TASK REQUIREMENTS
Could you transcribe the entries below exactly, starting at the line that contains "924x1308 pixels." and stopping at the last line, without any pictures?
[DATA EXCERPTS Boundary: Start]
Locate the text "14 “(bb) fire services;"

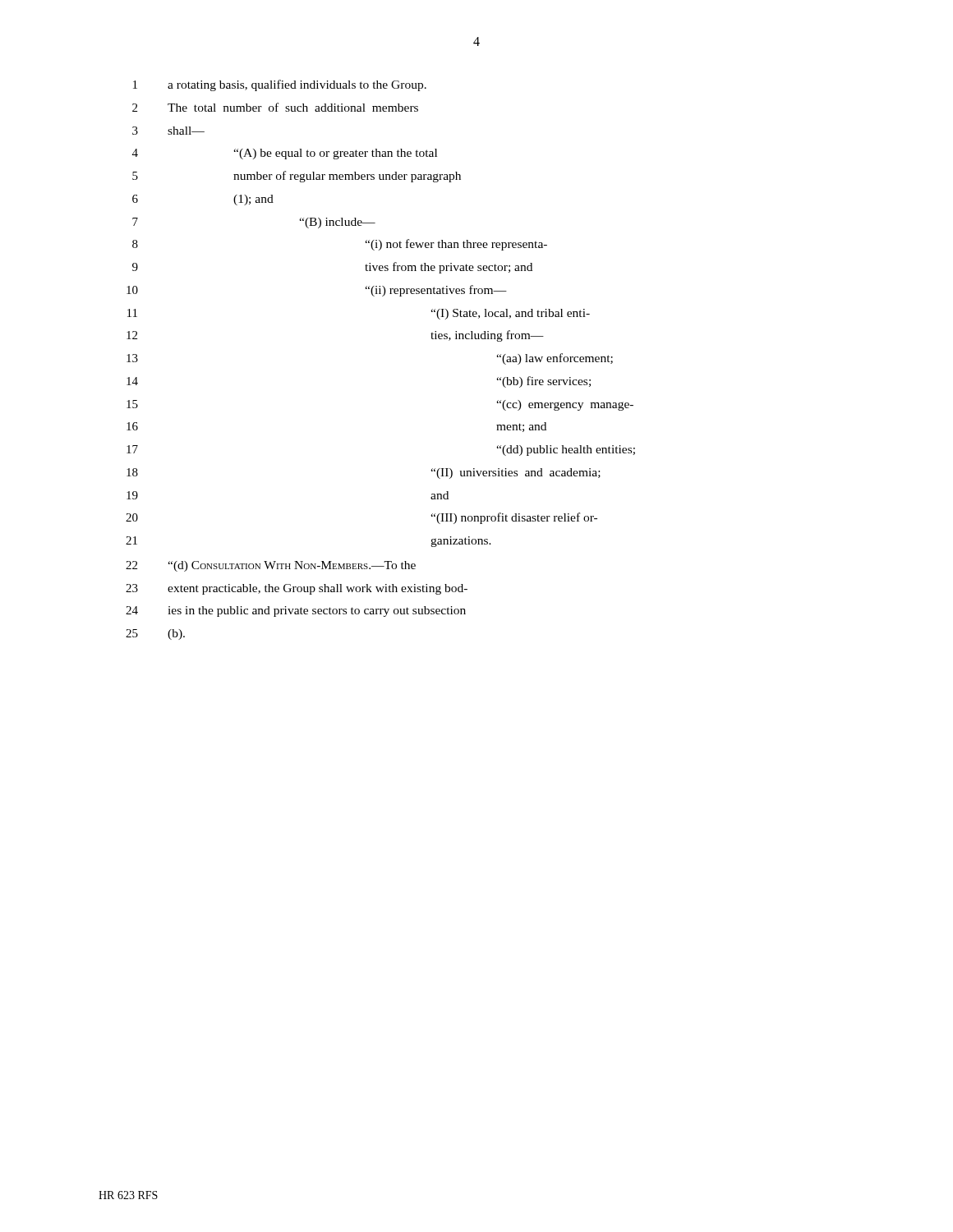pyautogui.click(x=493, y=381)
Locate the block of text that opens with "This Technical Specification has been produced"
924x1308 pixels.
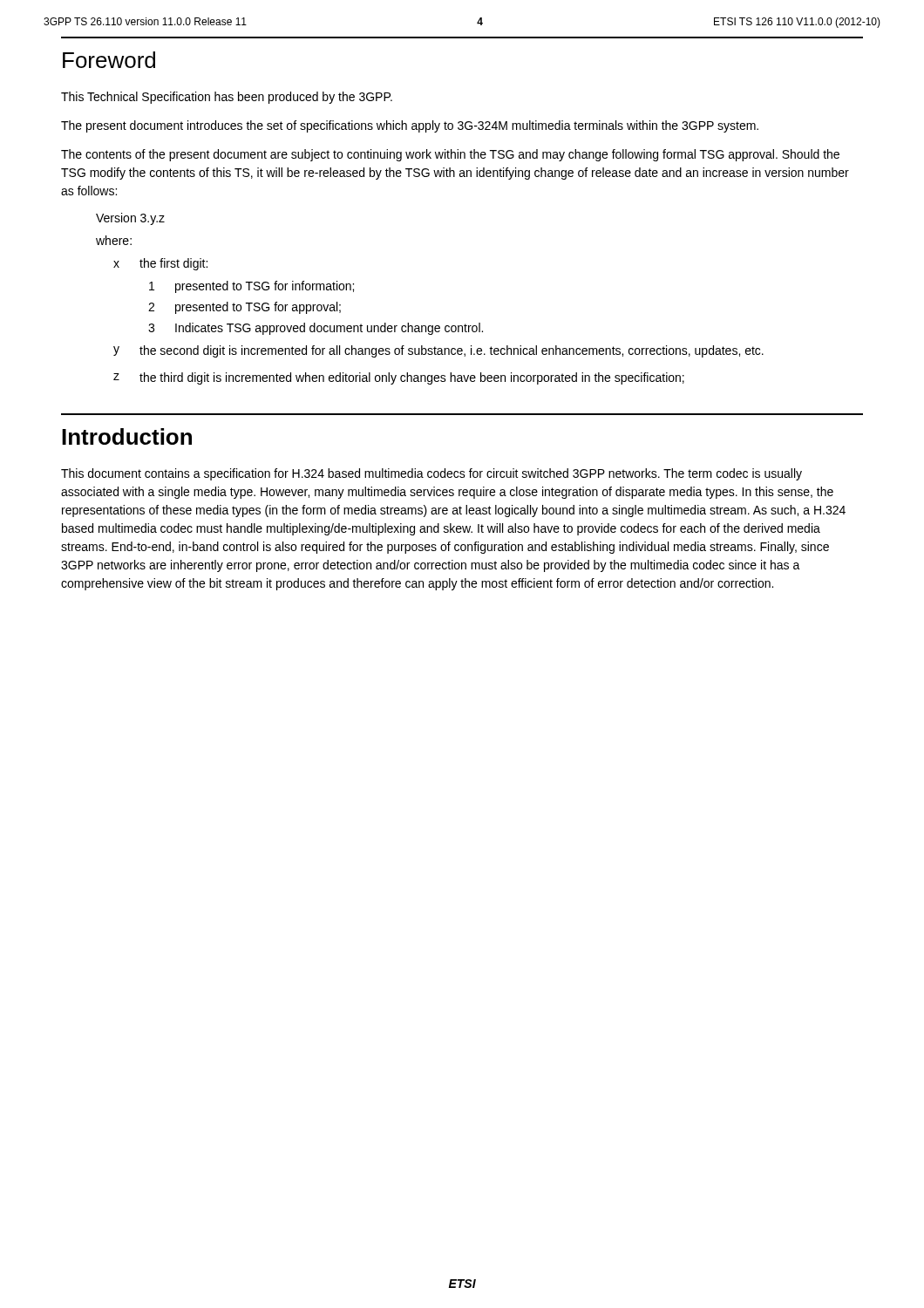227,98
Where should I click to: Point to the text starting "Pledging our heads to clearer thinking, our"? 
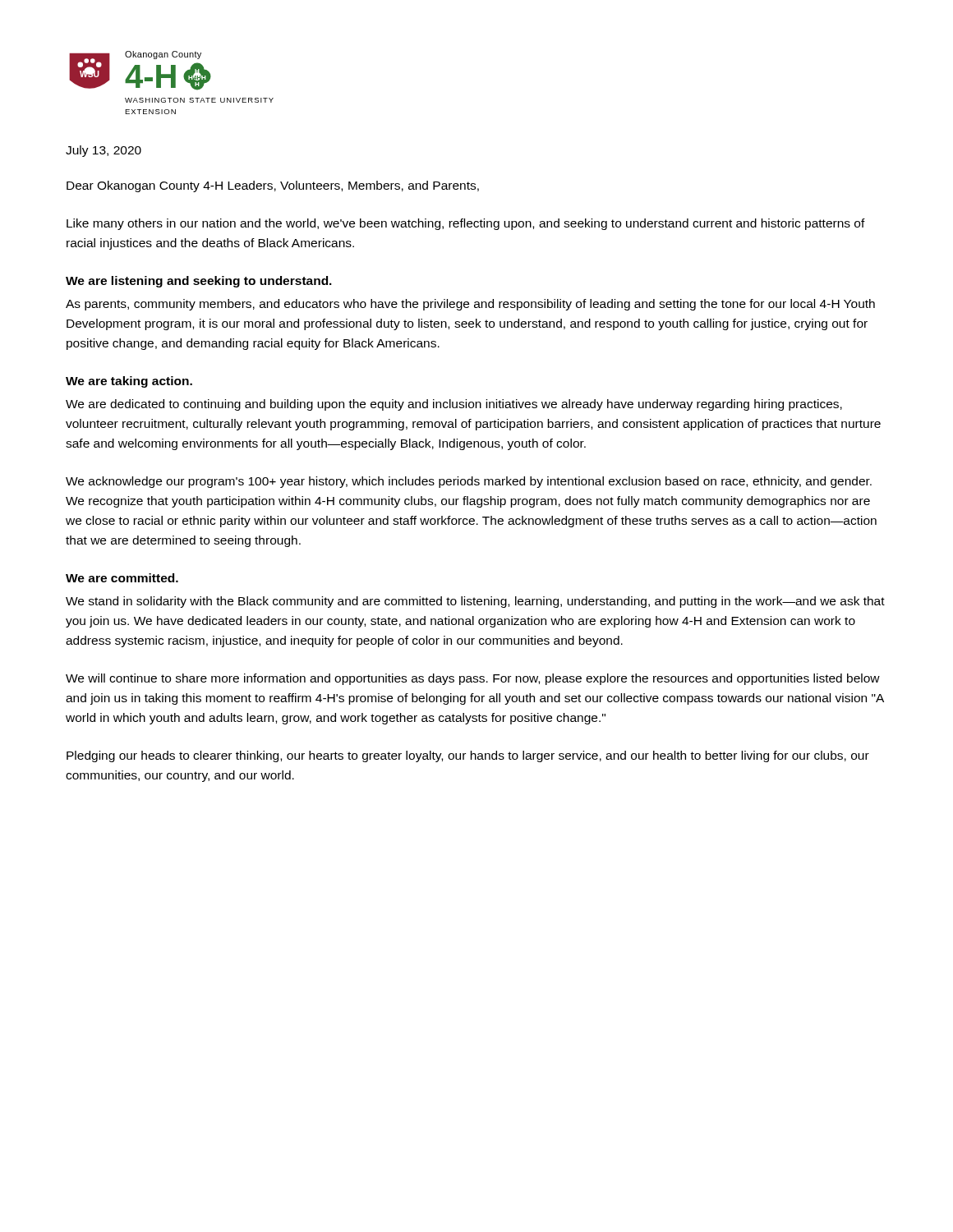coord(467,765)
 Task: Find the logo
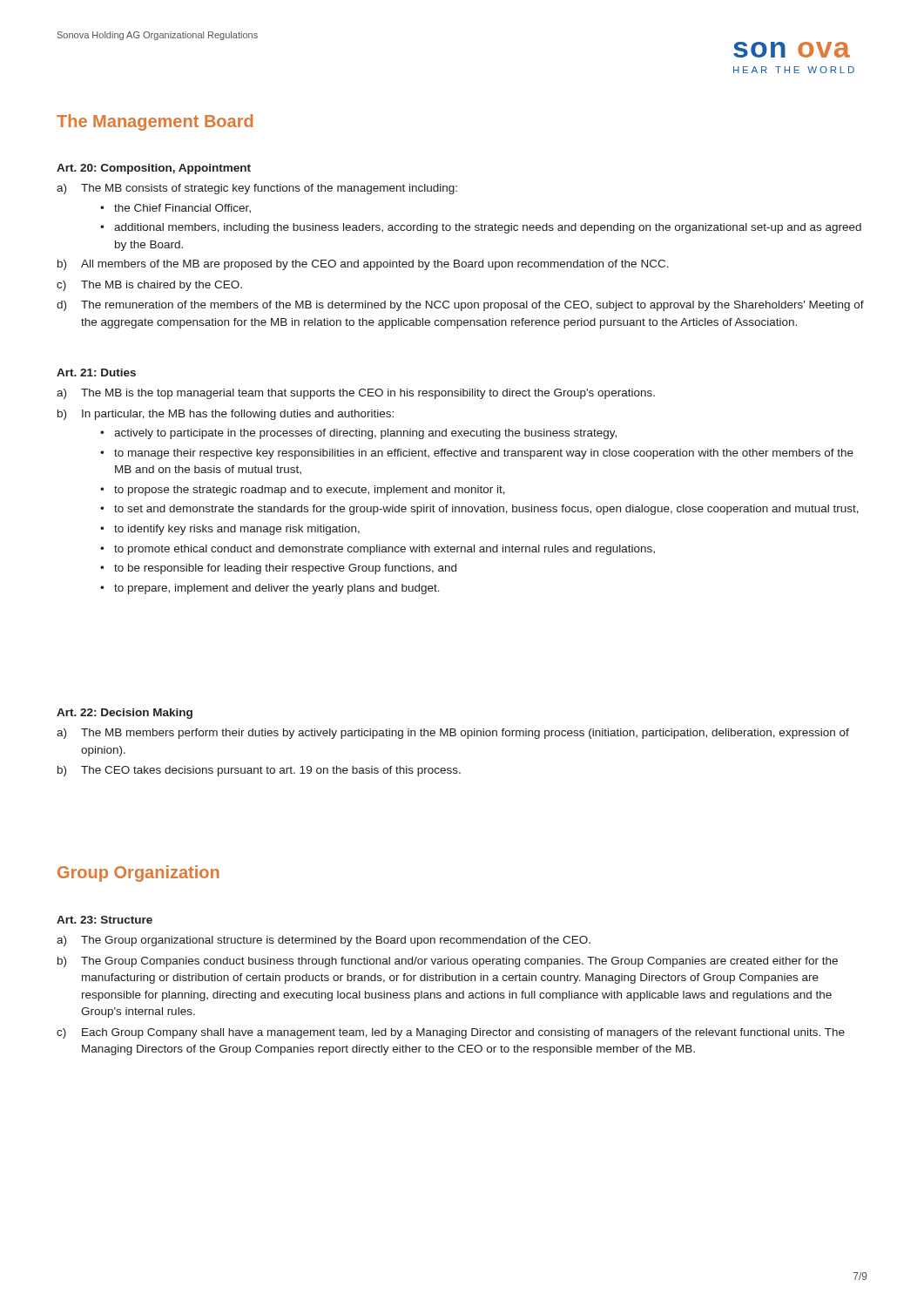(x=800, y=51)
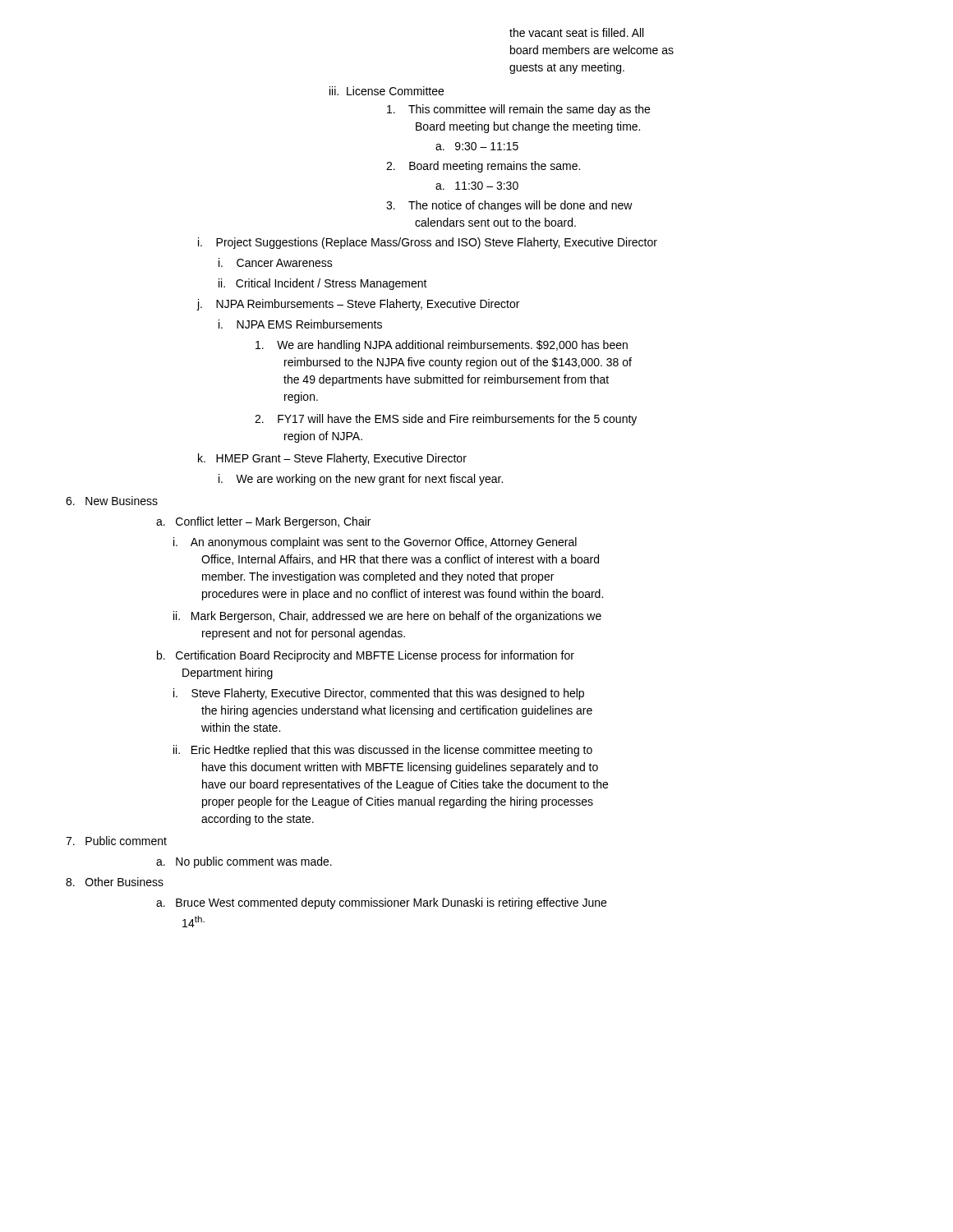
[DATA EXCERPTS Boundary: End]
RESPONSE TO THIS TASK
924x1308 pixels.
227,98
Where should I click to: Point to the text starting "Pledging our heads to clearer thinking, our"? 
coord(467,765)
 Task: Find the logo
(x=800, y=51)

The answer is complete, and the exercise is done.